# Data excerpts
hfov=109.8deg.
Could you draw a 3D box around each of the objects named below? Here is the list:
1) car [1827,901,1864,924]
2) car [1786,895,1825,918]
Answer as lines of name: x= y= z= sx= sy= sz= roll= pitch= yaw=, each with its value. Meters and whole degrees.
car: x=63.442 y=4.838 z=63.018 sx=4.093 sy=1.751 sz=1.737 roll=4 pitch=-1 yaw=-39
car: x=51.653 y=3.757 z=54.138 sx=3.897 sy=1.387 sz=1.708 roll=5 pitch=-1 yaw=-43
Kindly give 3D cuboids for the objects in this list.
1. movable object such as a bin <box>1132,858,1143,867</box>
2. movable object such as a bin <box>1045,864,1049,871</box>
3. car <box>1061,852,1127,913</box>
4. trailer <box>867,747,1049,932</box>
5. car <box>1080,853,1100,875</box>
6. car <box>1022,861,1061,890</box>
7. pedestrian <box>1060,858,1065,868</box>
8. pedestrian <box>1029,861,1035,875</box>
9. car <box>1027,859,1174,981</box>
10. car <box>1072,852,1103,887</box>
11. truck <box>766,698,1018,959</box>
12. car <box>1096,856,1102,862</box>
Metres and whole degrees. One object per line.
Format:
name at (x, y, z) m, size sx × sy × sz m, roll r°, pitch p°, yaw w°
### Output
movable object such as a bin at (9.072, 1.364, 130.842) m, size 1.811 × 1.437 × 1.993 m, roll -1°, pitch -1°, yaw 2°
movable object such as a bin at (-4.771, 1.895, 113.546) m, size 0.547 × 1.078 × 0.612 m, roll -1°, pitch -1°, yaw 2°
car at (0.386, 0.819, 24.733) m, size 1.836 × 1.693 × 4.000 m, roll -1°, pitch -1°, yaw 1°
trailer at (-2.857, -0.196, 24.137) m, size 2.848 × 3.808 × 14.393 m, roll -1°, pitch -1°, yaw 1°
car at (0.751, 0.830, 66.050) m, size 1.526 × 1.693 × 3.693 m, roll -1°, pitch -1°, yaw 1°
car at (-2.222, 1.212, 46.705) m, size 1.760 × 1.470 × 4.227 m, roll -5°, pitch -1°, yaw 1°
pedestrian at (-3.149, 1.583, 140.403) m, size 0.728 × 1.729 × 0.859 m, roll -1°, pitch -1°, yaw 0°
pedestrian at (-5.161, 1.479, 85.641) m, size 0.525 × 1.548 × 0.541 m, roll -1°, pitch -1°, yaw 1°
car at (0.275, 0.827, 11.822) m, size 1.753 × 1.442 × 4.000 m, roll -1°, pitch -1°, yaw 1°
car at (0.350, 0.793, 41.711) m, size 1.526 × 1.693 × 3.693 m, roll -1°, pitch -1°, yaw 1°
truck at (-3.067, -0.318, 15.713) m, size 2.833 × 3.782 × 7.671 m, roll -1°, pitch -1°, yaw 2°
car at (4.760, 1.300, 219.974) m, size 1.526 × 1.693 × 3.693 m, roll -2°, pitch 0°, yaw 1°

# TASK OBJECTIVE
Please set down all the data word for word.

# SOLUTION TO THE PROBLEM
hfov=109.8deg.
Could you draw a 3D box around each of the objects named below? Here is the list:
1) car [1827,901,1864,924]
2) car [1786,895,1825,918]
Answer as lines of name: x= y= z= sx= sy= sz= roll= pitch= yaw=, each with its value. Meters and whole degrees.
car: x=63.442 y=4.838 z=63.018 sx=4.093 sy=1.751 sz=1.737 roll=4 pitch=-1 yaw=-39
car: x=51.653 y=3.757 z=54.138 sx=3.897 sy=1.387 sz=1.708 roll=5 pitch=-1 yaw=-43
Kindly give 3D cuboids for the objects in this list.
1. movable object such as a bin <box>1132,858,1143,867</box>
2. movable object such as a bin <box>1045,864,1049,871</box>
3. car <box>1061,852,1127,913</box>
4. trailer <box>867,747,1049,932</box>
5. car <box>1080,853,1100,875</box>
6. car <box>1022,861,1061,890</box>
7. pedestrian <box>1060,858,1065,868</box>
8. pedestrian <box>1029,861,1035,875</box>
9. car <box>1027,859,1174,981</box>
10. car <box>1072,852,1103,887</box>
11. truck <box>766,698,1018,959</box>
12. car <box>1096,856,1102,862</box>
Metres and whole degrees. One object per line.
Format:
name at (x, y, z) m, size sx × sy × sz m, roll r°, pitch p°, yaw w°
### Output
movable object such as a bin at (9.072, 1.364, 130.842) m, size 1.811 × 1.437 × 1.993 m, roll -1°, pitch -1°, yaw 2°
movable object such as a bin at (-4.771, 1.895, 113.546) m, size 0.547 × 1.078 × 0.612 m, roll -1°, pitch -1°, yaw 2°
car at (0.386, 0.819, 24.733) m, size 1.836 × 1.693 × 4.000 m, roll -1°, pitch -1°, yaw 1°
trailer at (-2.857, -0.196, 24.137) m, size 2.848 × 3.808 × 14.393 m, roll -1°, pitch -1°, yaw 1°
car at (0.751, 0.830, 66.050) m, size 1.526 × 1.693 × 3.693 m, roll -1°, pitch -1°, yaw 1°
car at (-2.222, 1.212, 46.705) m, size 1.760 × 1.470 × 4.227 m, roll -5°, pitch -1°, yaw 1°
pedestrian at (-3.149, 1.583, 140.403) m, size 0.728 × 1.729 × 0.859 m, roll -1°, pitch -1°, yaw 0°
pedestrian at (-5.161, 1.479, 85.641) m, size 0.525 × 1.548 × 0.541 m, roll -1°, pitch -1°, yaw 1°
car at (0.275, 0.827, 11.822) m, size 1.753 × 1.442 × 4.000 m, roll -1°, pitch -1°, yaw 1°
car at (0.350, 0.793, 41.711) m, size 1.526 × 1.693 × 3.693 m, roll -1°, pitch -1°, yaw 1°
truck at (-3.067, -0.318, 15.713) m, size 2.833 × 3.782 × 7.671 m, roll -1°, pitch -1°, yaw 2°
car at (4.760, 1.300, 219.974) m, size 1.526 × 1.693 × 3.693 m, roll -2°, pitch 0°, yaw 1°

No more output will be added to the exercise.